Je suis (du verbe «suivre», hein, pas d’erreur !) depuis la sortie d’Ortie… c’est à dire que j’ai pris l’histoire en cours de route. Un groupe qui distribue avec autant de largesse sa musique et fait preuve de tant de générosité envers son public, c’est rare, donc ça interpelle. Après, fan d’électro, de rock, d’électro-rock, leur son ne pouvait que m’accrocher. Pourtant ce qui m’a littéralement fascinée, c’est leur univers.
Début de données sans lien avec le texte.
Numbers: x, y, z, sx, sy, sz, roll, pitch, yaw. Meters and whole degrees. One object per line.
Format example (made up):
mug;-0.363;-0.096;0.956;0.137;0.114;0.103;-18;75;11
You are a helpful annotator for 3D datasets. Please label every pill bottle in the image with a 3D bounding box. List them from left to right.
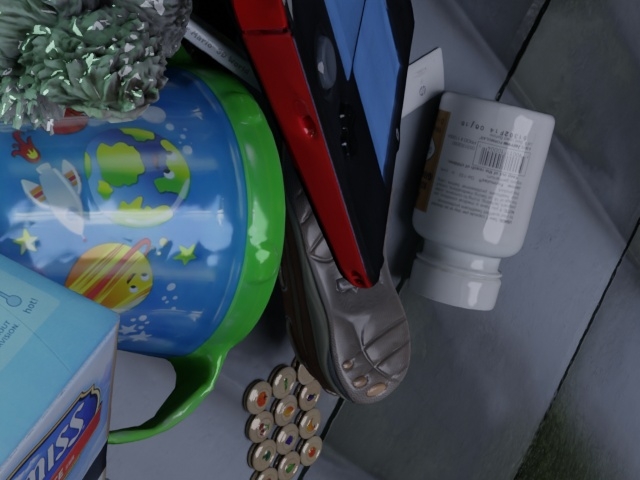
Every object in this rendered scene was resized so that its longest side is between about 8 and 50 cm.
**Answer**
pill bottle;0.174;-0.044;1.385;0.131;0.131;0.229;3;103;-51

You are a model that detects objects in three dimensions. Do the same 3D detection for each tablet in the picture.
tablet;0.110;-0.173;1.352;0.083;0.006;0.054;-35;131;-36

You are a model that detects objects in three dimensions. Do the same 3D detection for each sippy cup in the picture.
sippy cup;-0.181;-0.020;0.904;0.224;0.305;0.240;-3;137;-39

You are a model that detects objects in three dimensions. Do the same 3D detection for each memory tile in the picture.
memory tile;-0.038;0.200;1.331;0.113;0.012;0.148;-28;125;-41

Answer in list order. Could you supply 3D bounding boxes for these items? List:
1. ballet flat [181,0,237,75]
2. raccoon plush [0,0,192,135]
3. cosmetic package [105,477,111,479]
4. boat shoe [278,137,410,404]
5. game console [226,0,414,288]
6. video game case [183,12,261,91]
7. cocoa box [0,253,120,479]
ballet flat;-0.101;-0.186;1.058;0.084;0.058;0.250;-1;102;-28
raccoon plush;-0.273;-0.151;0.634;0.446;0.299;0.216;-6;101;-49
cosmetic package;-0.207;0.275;1.119;0.041;0.060;0.115;-17;117;-46
boat shoe;0.000;0.000;1.212;0.123;0.116;0.324;-7;93;-33
game console;0.022;-0.205;1.046;0.387;0.060;0.342;-79;154;-43
video game case;-0.117;-0.178;0.944;0.166;0.119;0.015;33;100;-32
cocoa box;-0.301;0.169;0.694;0.347;0.231;0.228;-56;168;-42
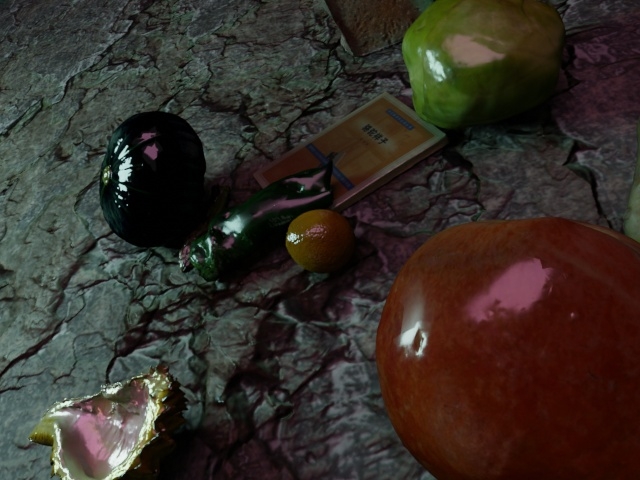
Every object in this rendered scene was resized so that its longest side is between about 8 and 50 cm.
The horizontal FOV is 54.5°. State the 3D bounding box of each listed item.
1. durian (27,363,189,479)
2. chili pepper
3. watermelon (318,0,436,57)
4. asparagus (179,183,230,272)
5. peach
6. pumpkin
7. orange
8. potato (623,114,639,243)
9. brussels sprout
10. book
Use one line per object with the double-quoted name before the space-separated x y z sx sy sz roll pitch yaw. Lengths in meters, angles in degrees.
"durian" -0.224 0.211 0.661 0.224 0.078 0.140 -11 56 32
"chili pepper" -0.072 -0.033 0.807 0.224 0.061 0.098 -35 37 5
"watermelon" 0.072 -0.418 1.012 0.226 0.318 0.148 -61 41 25
"asparagus" -0.164 -0.019 0.880 0.036 0.030 0.165 14 51 6
"peach" 0.161 0.108 0.472 0.232 0.256 0.232 -2 5 0
"pumpkin" -0.238 -0.087 0.881 0.150 0.194 0.194 -3 41 -14
"orange" 0.000 0.000 0.746 0.085 0.085 0.085 -14 44 14
"potato" 0.371 -0.057 0.563 0.165 0.165 0.262 6 56 31
"brussels sprout" 0.211 -0.239 0.805 0.223 0.161 0.223 -20 38 17
"book" 0.036 -0.116 0.882 0.242 0.018 0.170 -33 43 -6
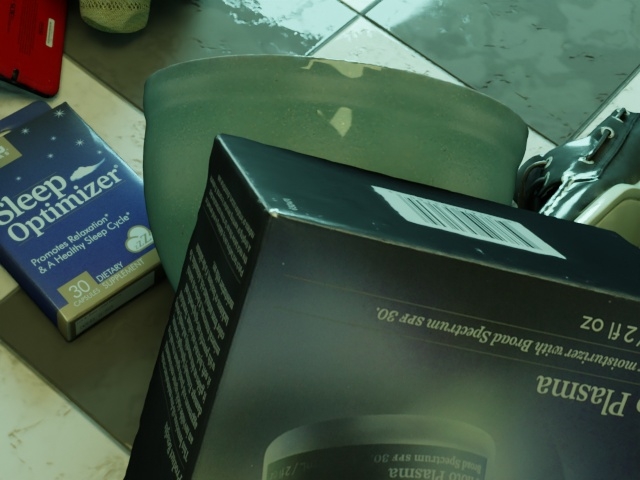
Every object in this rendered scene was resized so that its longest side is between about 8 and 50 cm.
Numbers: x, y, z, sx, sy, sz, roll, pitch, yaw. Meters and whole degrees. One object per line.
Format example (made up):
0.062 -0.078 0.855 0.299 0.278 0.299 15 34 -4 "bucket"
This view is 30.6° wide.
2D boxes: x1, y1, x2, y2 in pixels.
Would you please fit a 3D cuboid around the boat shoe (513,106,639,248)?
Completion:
0.219 -0.034 0.987 0.113 0.127 0.340 27 45 27 "boat shoe"

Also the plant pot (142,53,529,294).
0.000 0.000 0.878 0.293 0.293 0.196 8 81 -3 "plant pot"

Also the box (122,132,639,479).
0.050 0.126 0.707 0.296 0.294 0.183 12 15 -18 "box"

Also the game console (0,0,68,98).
-0.314 -0.190 1.101 0.124 0.085 0.144 22 49 -32 "game console"

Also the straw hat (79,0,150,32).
-0.196 -0.228 1.113 0.144 0.144 0.061 4 96 -6 "straw hat"

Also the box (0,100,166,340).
-0.226 -0.033 0.992 0.136 0.036 0.225 -35 66 -28 "box"
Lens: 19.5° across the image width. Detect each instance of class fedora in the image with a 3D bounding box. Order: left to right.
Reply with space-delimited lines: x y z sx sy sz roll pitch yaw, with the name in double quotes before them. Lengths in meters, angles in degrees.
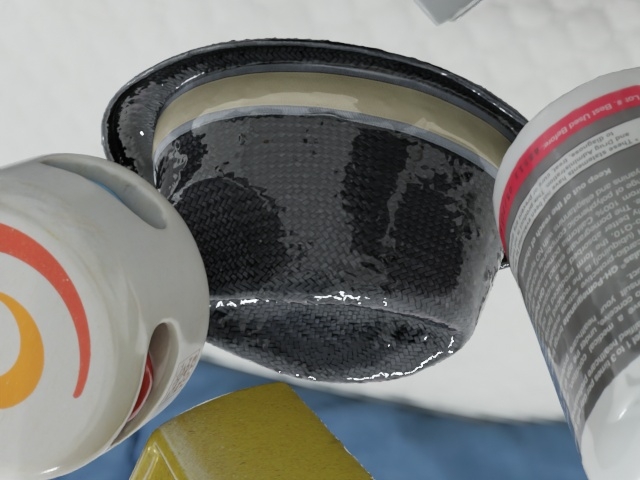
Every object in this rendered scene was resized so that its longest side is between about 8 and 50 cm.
"fedora" 0.000 0.000 1.279 0.334 0.152 0.334 8 150 5

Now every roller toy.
"roller toy" -0.173 0.047 1.180 0.191 0.146 0.209 -16 95 23

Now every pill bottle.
"pill bottle" 0.216 0.061 1.041 0.176 0.318 0.176 -7 133 -7

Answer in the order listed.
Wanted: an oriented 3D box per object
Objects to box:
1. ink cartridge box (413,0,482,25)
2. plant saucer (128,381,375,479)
"ink cartridge box" 0.079 -0.349 1.364 0.223 0.129 0.307 -37 101 29
"plant saucer" -0.088 0.249 1.029 0.081 0.333 0.333 25 -177 -17
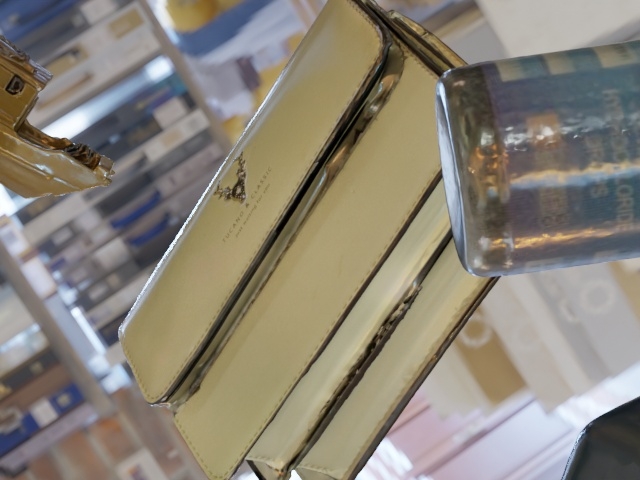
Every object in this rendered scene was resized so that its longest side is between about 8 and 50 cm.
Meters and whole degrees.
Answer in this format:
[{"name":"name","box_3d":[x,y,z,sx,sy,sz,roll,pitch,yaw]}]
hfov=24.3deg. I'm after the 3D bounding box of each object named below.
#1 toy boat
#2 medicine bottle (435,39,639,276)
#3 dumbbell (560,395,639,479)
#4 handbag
[{"name":"toy boat","box_3d":[-0.218,-0.095,0.958,0.200,0.077,0.057,36,-169,-12]},{"name":"medicine bottle","box_3d":[0.148,-0.039,0.561,0.083,0.203,0.083,171,90,-89]},{"name":"dumbbell","box_3d":[0.191,0.138,0.333,0.144,0.160,0.325,19,-176,-36]},{"name":"handbag","box_3d":[0.000,0.000,1.189,0.160,0.358,0.237,20,-159,-42]}]
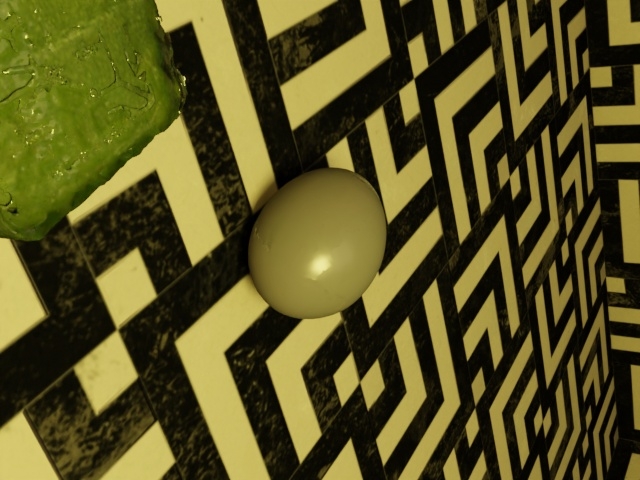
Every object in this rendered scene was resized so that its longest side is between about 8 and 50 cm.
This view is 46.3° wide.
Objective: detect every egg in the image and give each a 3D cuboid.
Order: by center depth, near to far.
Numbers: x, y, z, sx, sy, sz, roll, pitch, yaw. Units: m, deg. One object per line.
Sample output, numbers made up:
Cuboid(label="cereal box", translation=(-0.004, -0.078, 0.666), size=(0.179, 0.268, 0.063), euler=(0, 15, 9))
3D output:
Cuboid(label="egg", translation=(0.000, 0.000, 0.837), size=(0.199, 0.146, 0.147), euler=(-58, 138, -45))

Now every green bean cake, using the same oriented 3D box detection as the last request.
Cuboid(label="green bean cake", translation=(-0.212, -0.125, 0.536), size=(0.214, 0.113, 0.201), euler=(-50, 135, -41))
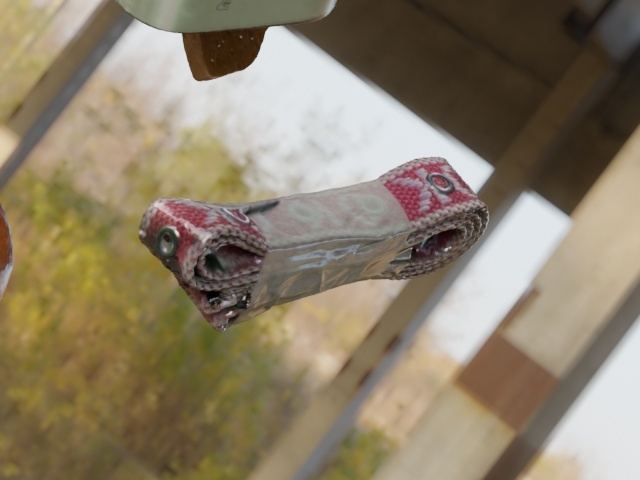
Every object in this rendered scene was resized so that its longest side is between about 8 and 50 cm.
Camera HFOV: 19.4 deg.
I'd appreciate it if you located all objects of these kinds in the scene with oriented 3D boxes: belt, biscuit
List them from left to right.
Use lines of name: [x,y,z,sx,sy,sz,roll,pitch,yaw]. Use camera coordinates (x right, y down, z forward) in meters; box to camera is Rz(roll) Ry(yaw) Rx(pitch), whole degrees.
biscuit: [-0.098,-0.265,2.011,0.029,0.220,0.142,0,-33,33]
belt: [0.000,0.000,1.012,0.232,0.071,0.053,-9,52,-44]

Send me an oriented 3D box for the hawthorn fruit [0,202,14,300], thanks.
hawthorn fruit: [-0.290,0.009,1.390,0.133,0.133,0.138,38,31,-8]

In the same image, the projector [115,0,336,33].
projector: [-0.086,-0.377,1.832,0.248,0.249,0.249,63,-33,30]
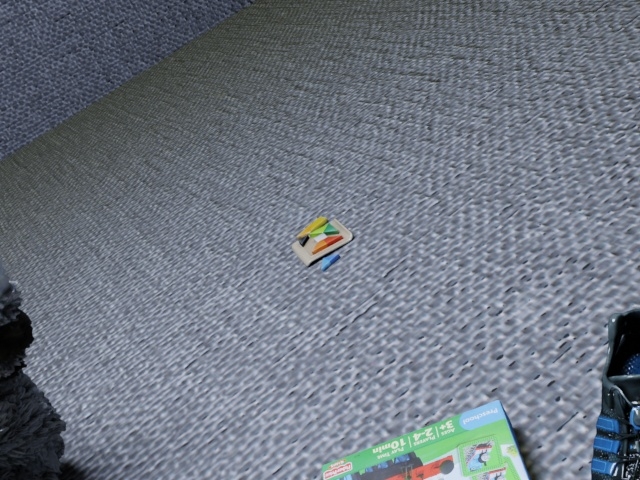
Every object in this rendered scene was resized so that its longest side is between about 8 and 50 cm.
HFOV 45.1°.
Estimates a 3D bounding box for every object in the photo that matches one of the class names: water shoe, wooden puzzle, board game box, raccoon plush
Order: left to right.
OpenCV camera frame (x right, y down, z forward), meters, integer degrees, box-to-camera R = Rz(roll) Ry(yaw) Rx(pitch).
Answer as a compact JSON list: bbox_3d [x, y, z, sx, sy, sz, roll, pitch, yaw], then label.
[{"bbox_3d":[-0.416,0.203,0.685,0.216,0.446,0.299,21,49,14],"label":"raccoon plush"},{"bbox_3d":[0.000,0.000,1.015,0.078,0.014,0.116,-36,29,-13],"label":"wooden puzzle"},{"bbox_3d":[0.085,0.222,0.547,0.160,0.039,0.211,-23,29,9],"label":"board game box"},{"bbox_3d":[0.216,0.132,0.533,0.073,0.080,0.203,-13,32,27],"label":"water shoe"}]
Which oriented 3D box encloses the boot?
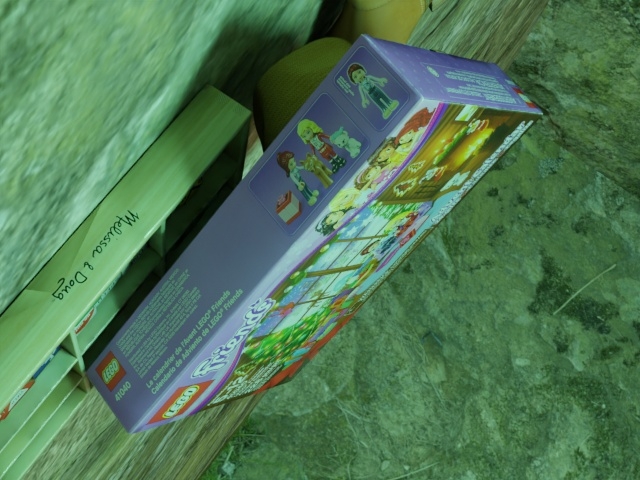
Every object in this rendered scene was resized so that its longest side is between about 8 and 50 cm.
[{"bbox_3d":[0.033,-0.175,0.809,0.197,0.073,0.152,-53,166,-1],"label":"boot"}]

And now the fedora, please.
[{"bbox_3d":[0.007,-0.085,0.765,0.194,0.079,0.194,-37,162,-14],"label":"fedora"}]

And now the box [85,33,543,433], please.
[{"bbox_3d":[0.000,0.000,0.726,0.293,0.057,0.201,-49,160,24],"label":"box"}]

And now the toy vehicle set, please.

Parce que Thot, ce n’est pas que de la (bonne) musique, c’est aussi un visuel, des histoires. Chaque morceau a son identité, c’est un tout. Pourtant ils s’harmonisent parfaitement et forment un ensemble très cohérent dans , le nouvel album du groupe.

Dans les distorsions électroniques et les riffs de guitares, la musique de Thot prend vit, elle palpite, elle existe. Vegetal Noise, c’est ainsi qu’ils définissent leur son. On pourrait réduire ça à du simple marketing, mais ce serait une erreur parce que c’est la meilleure définition du son original, orgnique, de Thot.
Quand j’ai écouté pour la première fois Obscured By The Wind, j’ai surtout ressenti beaucoup d’émotions. Alors attention, on ne parle pas de musique genre petite berceuse avant d’aller faire dodo, donc plutôt fortes, les émotions. Mais pas que. Les morceaux s’enchaînent oscillant entre violence et douceur, mêlant les influences et des sonorités parfois inattendues comme le gospel ou le raï.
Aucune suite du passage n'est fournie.